(Dataset items)
● ● ●
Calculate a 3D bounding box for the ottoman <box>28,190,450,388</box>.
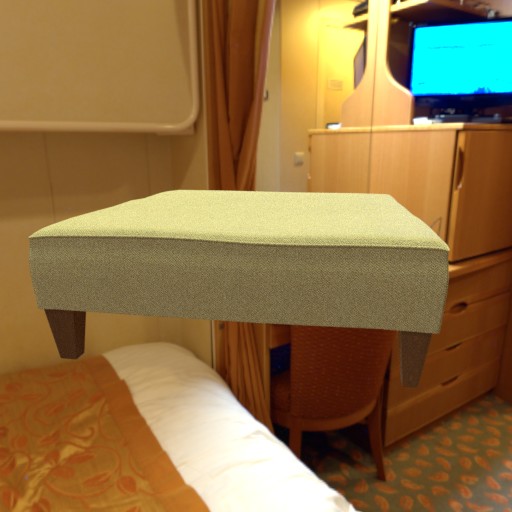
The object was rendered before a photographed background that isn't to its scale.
[{"bbox_3d":[0.000,0.000,1.509,1.004,0.379,0.968,2,15,9],"label":"ottoman"}]
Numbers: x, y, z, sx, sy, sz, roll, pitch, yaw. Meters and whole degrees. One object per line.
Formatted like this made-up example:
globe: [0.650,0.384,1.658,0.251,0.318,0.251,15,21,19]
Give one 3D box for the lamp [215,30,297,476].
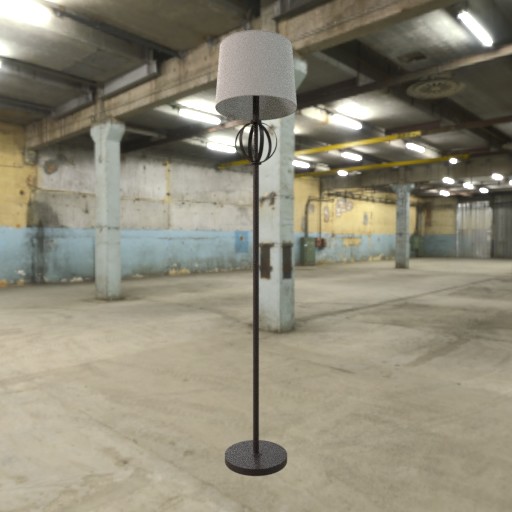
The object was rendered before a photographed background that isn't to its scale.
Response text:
lamp: [0.000,0.000,1.570,0.286,1.462,0.286,0,1,-18]
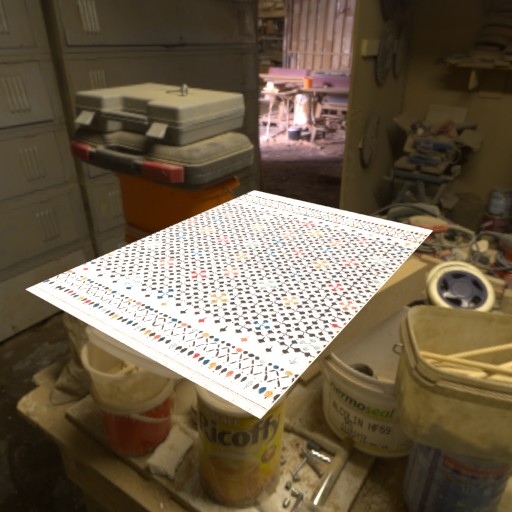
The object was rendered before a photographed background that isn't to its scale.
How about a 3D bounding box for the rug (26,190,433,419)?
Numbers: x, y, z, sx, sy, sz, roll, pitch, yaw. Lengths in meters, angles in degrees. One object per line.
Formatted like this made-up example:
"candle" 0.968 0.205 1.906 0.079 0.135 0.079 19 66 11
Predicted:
"rug" 0.000 0.000 4.179 2.354 0.007 3.196 18 31 31
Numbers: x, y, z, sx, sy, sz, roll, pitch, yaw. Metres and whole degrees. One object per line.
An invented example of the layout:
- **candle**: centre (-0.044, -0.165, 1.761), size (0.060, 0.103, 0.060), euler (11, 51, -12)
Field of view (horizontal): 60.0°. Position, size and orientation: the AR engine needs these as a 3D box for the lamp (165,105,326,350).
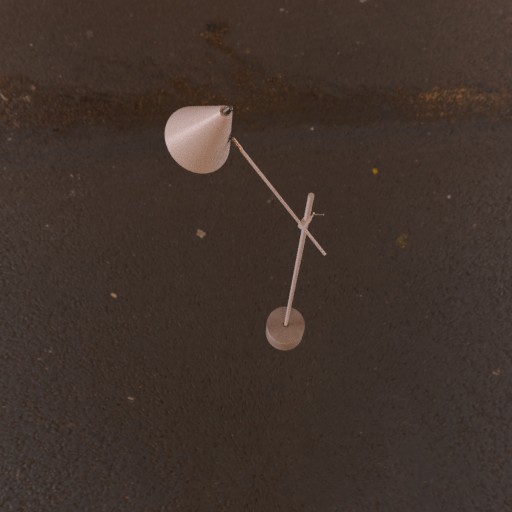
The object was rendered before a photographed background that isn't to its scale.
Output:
- **lamp**: centre (0.000, 0.000, 1.638), size (0.508, 1.430, 0.223), euler (32, 68, 15)
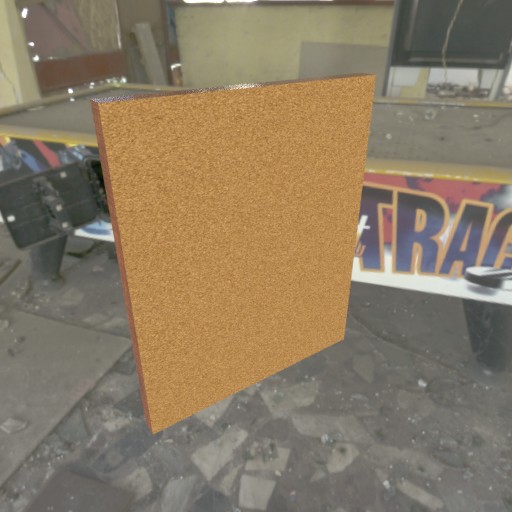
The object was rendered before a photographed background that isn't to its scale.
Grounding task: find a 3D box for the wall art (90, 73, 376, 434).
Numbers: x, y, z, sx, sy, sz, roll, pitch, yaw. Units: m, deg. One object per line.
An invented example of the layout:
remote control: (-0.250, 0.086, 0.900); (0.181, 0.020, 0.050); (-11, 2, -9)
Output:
wall art: (0.000, 0.000, 0.780); (0.467, 0.567, 0.033); (-18, 34, -30)
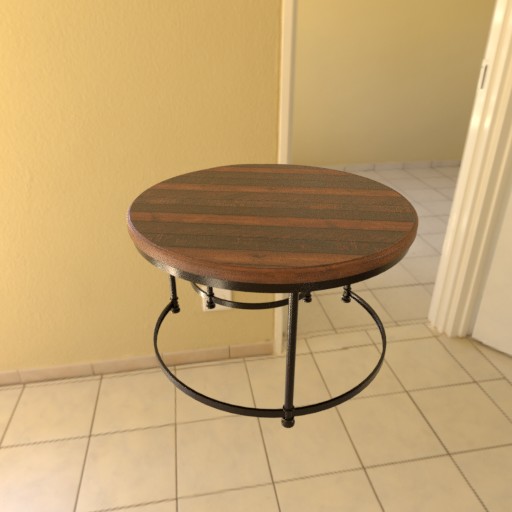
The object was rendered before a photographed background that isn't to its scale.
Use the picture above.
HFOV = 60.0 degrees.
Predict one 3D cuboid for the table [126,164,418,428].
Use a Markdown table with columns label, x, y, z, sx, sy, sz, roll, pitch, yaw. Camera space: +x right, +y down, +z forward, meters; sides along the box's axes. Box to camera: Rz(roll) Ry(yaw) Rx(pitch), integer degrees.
| label | x | y | z | sx | sy | sz | roll | pitch | yaw |
| --- | --- | --- | --- | --- | --- | --- | --- | --- | --- |
| table | 0.000 | 0.000 | 1.608 | 0.870 | 0.516 | 1.152 | -9 | 29 | -17 |
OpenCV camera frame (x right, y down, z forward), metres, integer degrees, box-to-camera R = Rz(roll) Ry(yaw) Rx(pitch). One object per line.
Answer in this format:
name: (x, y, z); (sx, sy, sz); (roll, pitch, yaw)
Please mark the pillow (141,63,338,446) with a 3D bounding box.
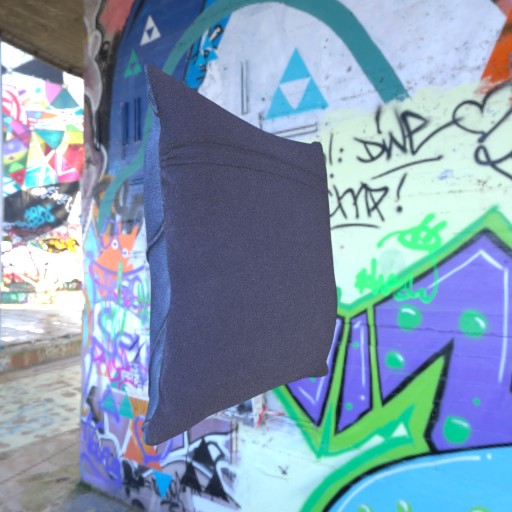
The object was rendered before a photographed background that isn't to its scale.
pillow: (0.000, 0.000, 0.670); (0.183, 0.440, 0.439); (-1, -2, 35)
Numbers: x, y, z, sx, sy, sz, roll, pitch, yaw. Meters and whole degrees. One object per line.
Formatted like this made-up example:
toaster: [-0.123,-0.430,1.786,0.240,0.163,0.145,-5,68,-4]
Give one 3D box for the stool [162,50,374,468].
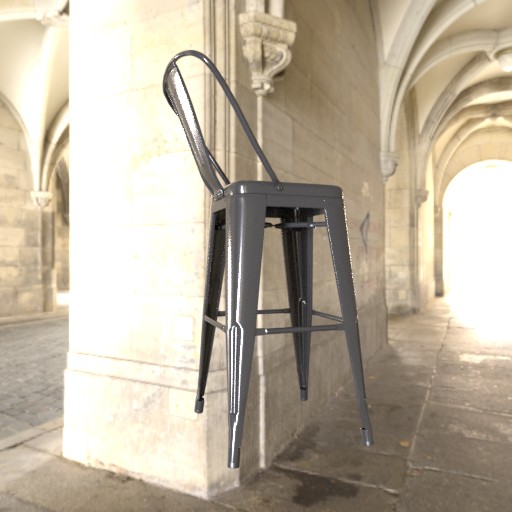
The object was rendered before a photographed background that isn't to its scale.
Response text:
stool: [0.000,0.000,1.298,0.528,1.022,0.432,0,0,-19]
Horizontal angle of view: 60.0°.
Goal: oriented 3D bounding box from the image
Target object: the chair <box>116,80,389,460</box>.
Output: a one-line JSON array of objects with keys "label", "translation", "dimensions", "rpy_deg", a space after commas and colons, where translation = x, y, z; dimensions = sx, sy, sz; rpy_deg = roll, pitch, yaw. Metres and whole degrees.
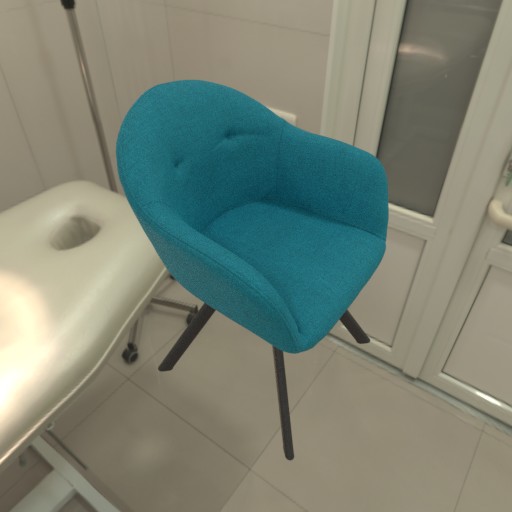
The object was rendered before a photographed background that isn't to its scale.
[{"label": "chair", "translation": [0.000, 0.000, 1.151], "dimensions": [0.565, 0.775, 0.545], "rpy_deg": [25, 47, 26]}]
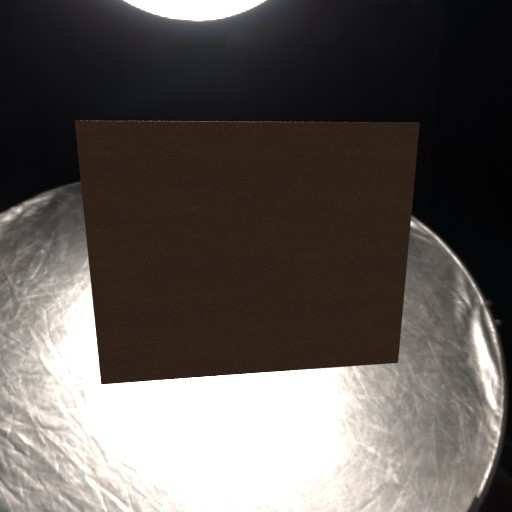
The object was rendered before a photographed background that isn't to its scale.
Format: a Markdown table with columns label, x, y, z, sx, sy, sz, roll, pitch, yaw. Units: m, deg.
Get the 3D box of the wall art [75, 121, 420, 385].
| label | x | y | z | sx | sy | sz | roll | pitch | yaw |
| --- | --- | --- | --- | --- | --- | --- | --- | --- | --- |
| wall art | 0.000 | 0.000 | 0.705 | 0.508 | 0.408 | 0.012 | -2 | 15 | -8 |
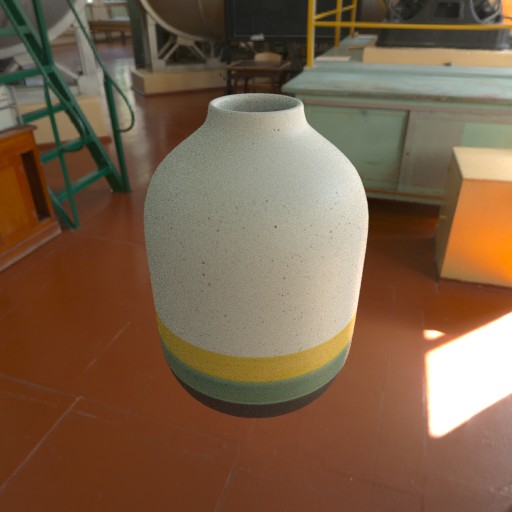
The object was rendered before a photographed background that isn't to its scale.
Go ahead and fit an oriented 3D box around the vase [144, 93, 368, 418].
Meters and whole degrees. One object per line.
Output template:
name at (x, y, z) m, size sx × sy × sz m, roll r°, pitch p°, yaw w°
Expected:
vase at (0.000, 0.000, 0.359) m, size 0.169 × 0.240 × 0.169 m, roll 0°, pitch 31°, yaw 0°
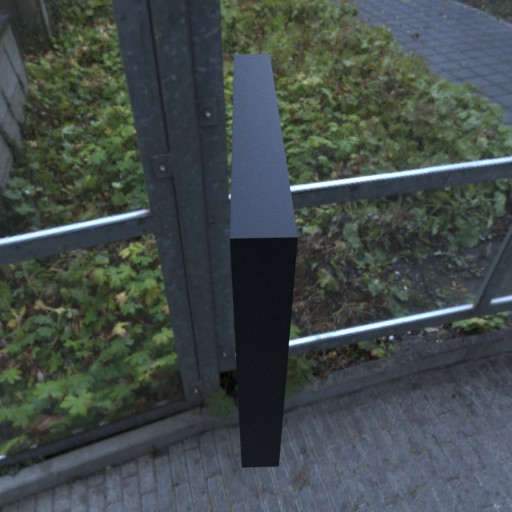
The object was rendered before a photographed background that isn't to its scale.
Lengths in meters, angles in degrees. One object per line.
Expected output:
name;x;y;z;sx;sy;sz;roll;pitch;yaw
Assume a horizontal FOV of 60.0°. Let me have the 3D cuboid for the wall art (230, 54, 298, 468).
wall art;0.000;0.000;0.461;0.038;0.304;0.305;-1;42;-1
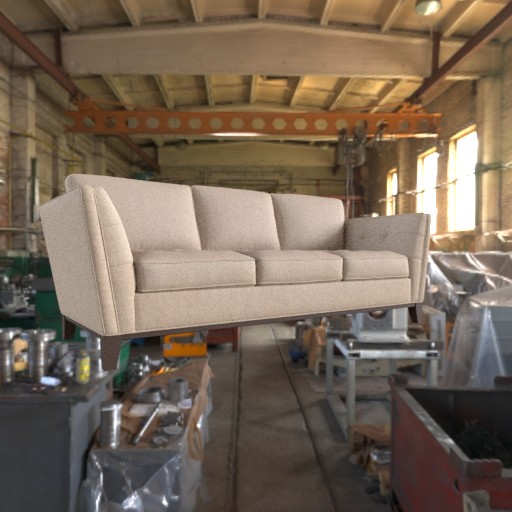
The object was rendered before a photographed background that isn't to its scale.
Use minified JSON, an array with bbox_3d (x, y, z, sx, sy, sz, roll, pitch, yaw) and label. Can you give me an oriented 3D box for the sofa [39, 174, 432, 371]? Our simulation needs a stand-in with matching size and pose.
[{"bbox_3d":[0.000,0.000,2.847,2.388,0.940,0.965,0,1,-35],"label":"sofa"}]
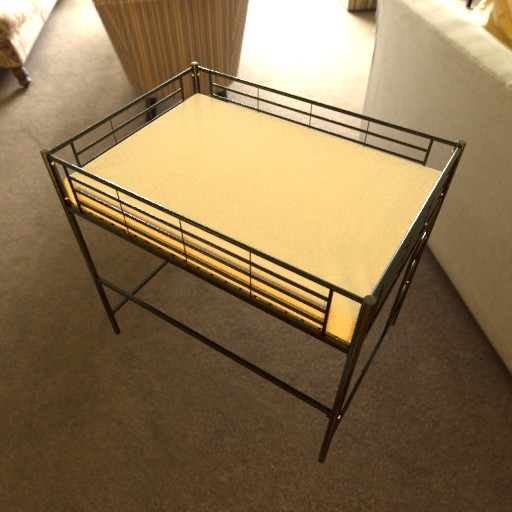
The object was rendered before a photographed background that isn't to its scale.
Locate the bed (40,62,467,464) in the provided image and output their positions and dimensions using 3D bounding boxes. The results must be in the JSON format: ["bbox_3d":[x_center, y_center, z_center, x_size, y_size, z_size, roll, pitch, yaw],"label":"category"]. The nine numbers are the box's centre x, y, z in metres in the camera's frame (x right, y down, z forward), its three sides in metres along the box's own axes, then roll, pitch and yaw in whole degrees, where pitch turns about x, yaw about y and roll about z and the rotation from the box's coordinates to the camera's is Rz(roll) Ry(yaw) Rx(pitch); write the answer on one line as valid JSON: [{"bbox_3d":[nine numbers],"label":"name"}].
[{"bbox_3d":[0.000,0.000,3.155,1.994,1.803,1.397,25,52,22],"label":"bed"}]
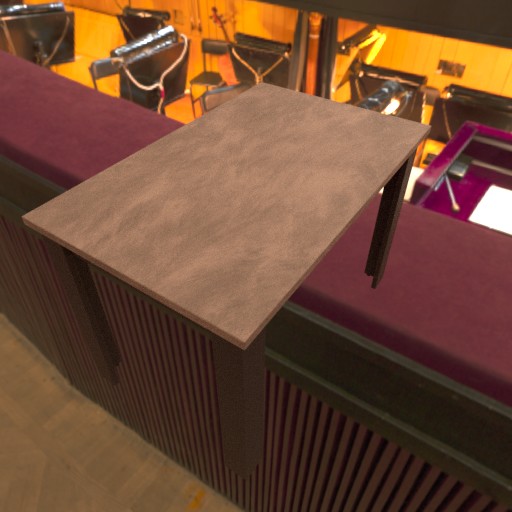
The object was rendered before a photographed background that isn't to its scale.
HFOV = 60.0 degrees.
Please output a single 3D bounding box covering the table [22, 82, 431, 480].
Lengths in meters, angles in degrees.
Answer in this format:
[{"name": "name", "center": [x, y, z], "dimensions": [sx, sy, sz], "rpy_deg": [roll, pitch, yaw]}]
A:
[{"name": "table", "center": [0.000, 0.000, 1.567], "dimensions": [0.700, 0.734, 1.100], "rpy_deg": [25, 48, 25]}]
● ● ●
▶ REQUIRED ACTION: Each line above that contains "Please" counts once; report the resulting number and nothing else.

▶ SOLUTION TO THIS TASK: 2